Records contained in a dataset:
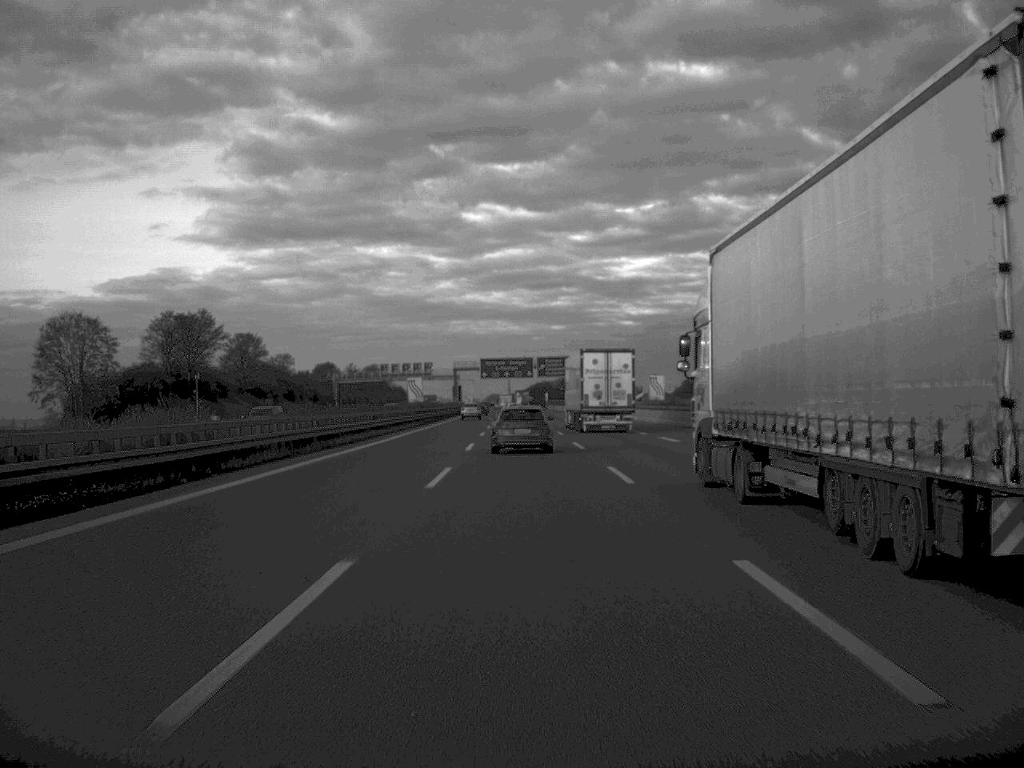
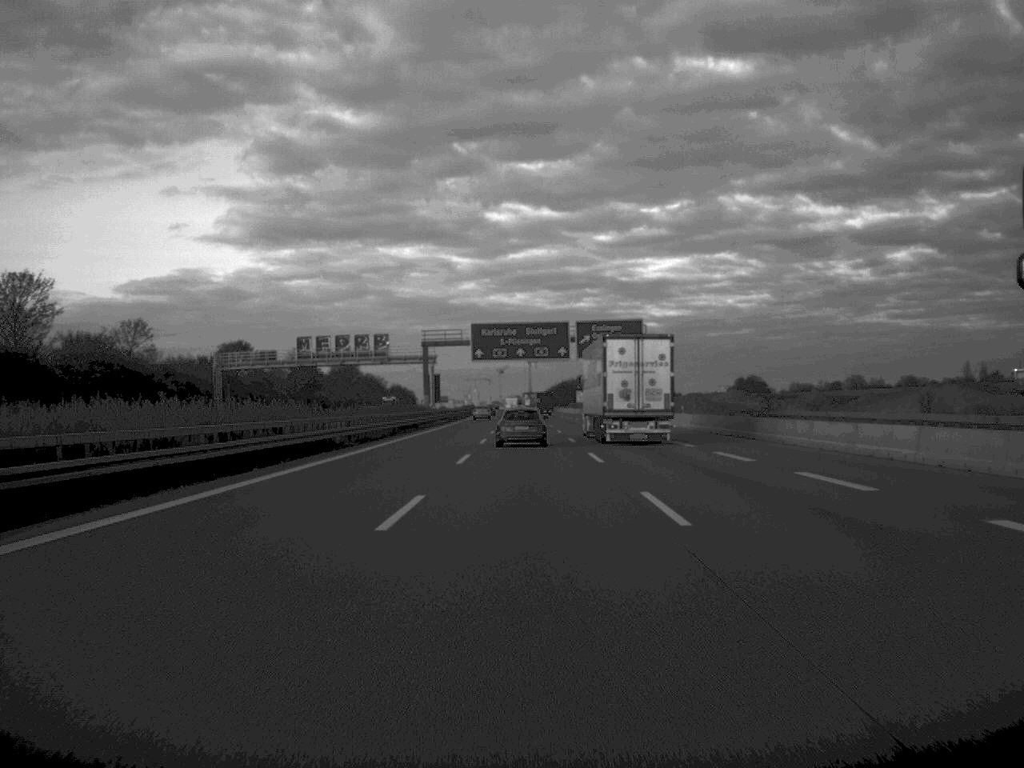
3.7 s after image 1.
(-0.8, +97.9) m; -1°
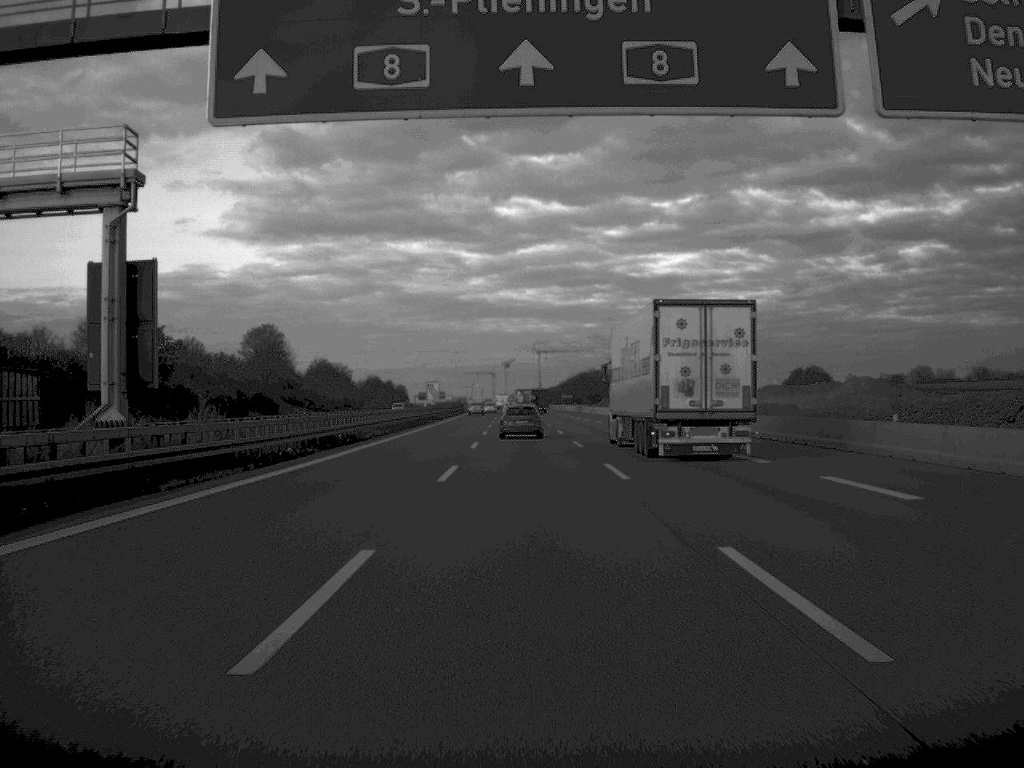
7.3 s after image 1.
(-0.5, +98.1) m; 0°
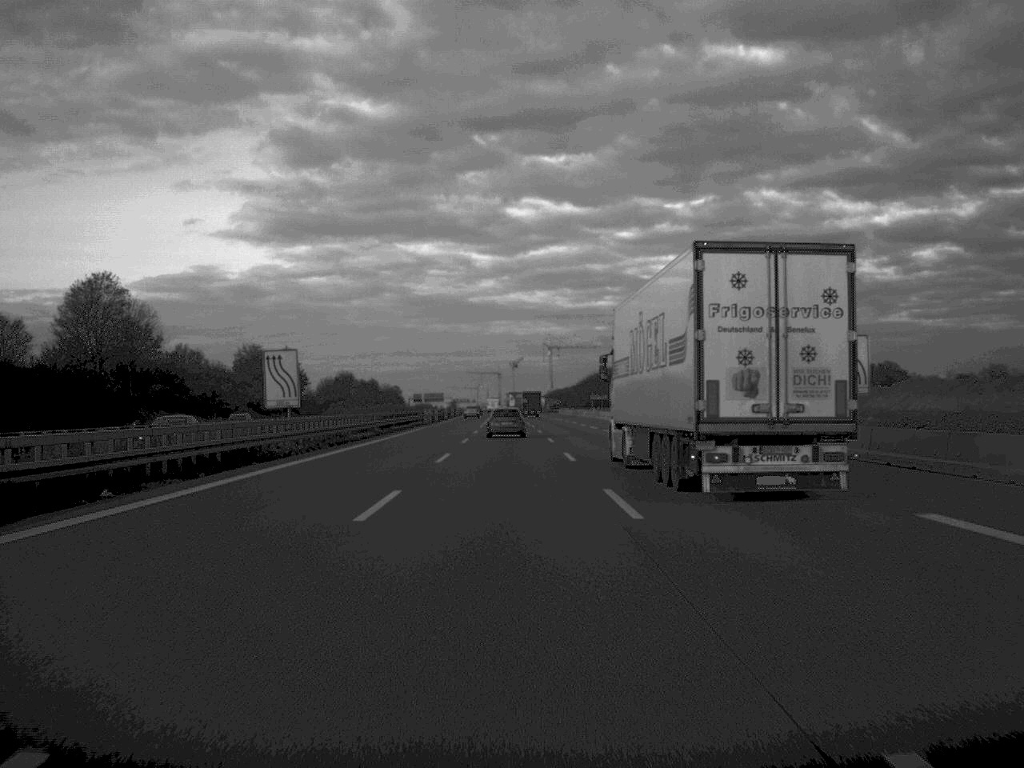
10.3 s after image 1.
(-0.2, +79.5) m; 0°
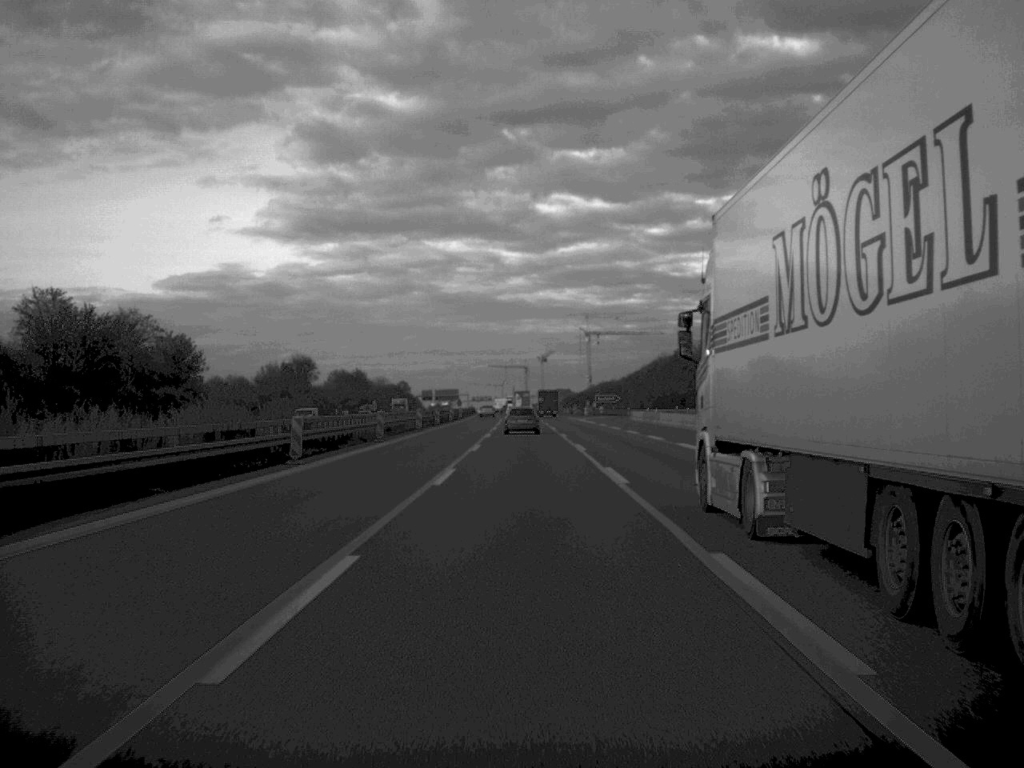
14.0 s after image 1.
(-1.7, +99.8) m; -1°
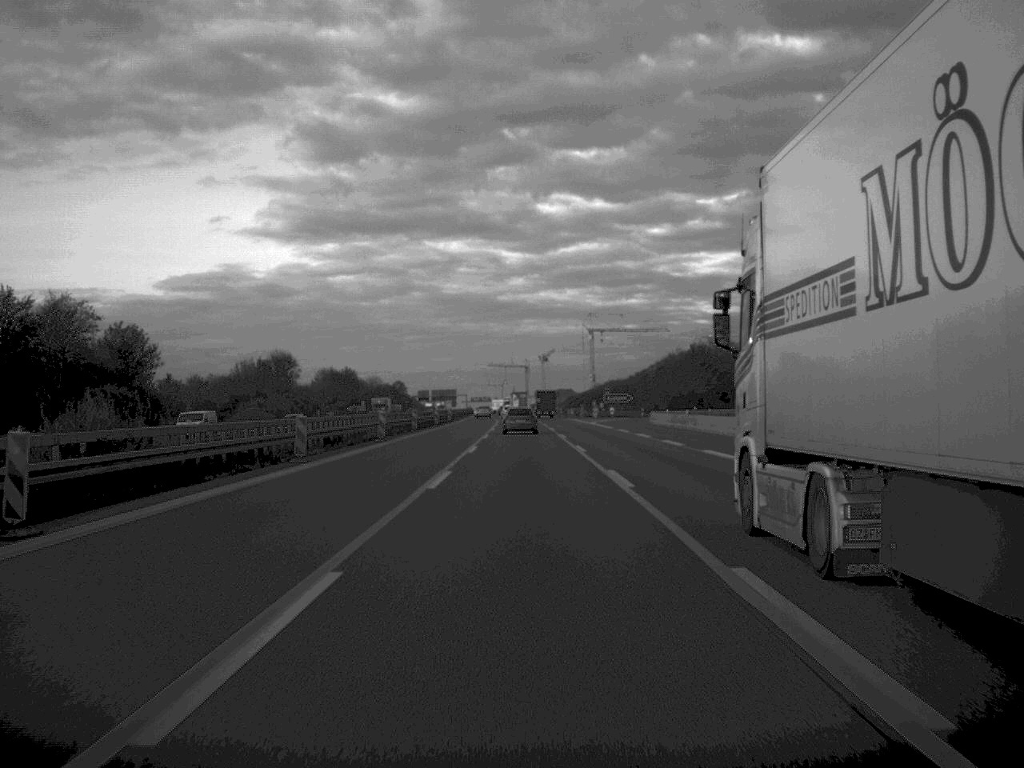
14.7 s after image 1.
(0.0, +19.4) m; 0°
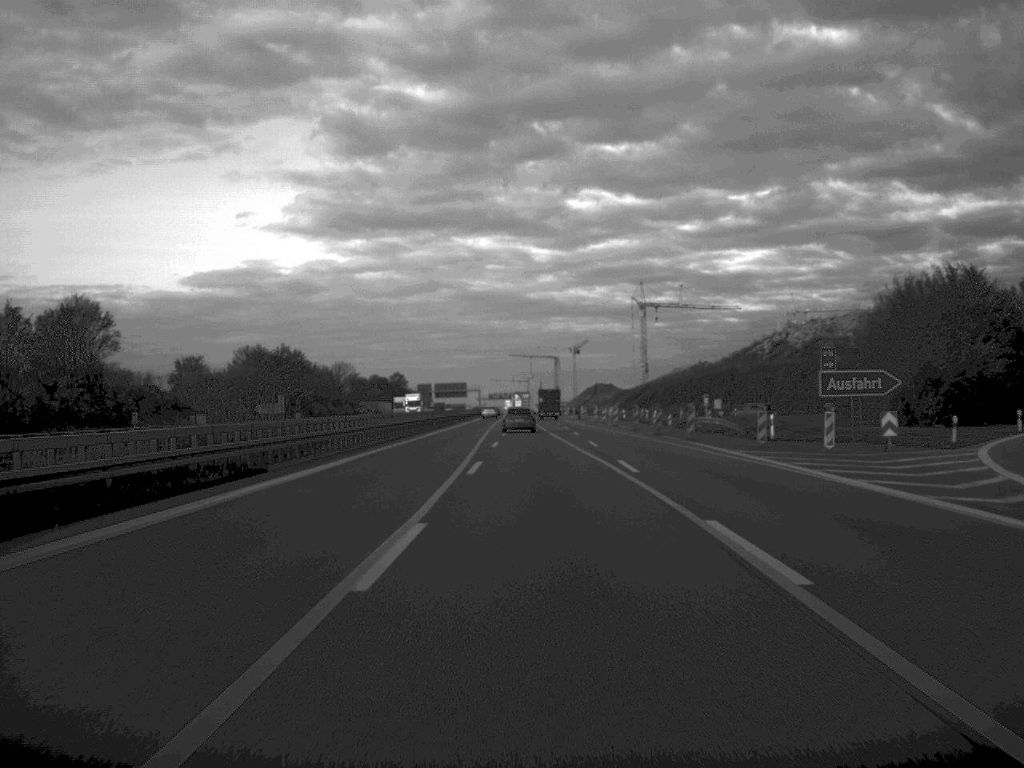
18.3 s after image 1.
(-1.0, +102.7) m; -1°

▶ **Aim of the exercise**:
Repeat the records exactly but leave out the images.

▶ **Reply to the task**:
3.7 s after image 1.
(-0.8, +97.9) m; -1°
7.3 s after image 1.
(-0.5, +98.1) m; 0°
10.3 s after image 1.
(-0.2, +79.5) m; 0°
14.0 s after image 1.
(-1.7, +99.8) m; -1°
14.7 s after image 1.
(0.0, +19.4) m; 0°
18.3 s after image 1.
(-1.0, +102.7) m; -1°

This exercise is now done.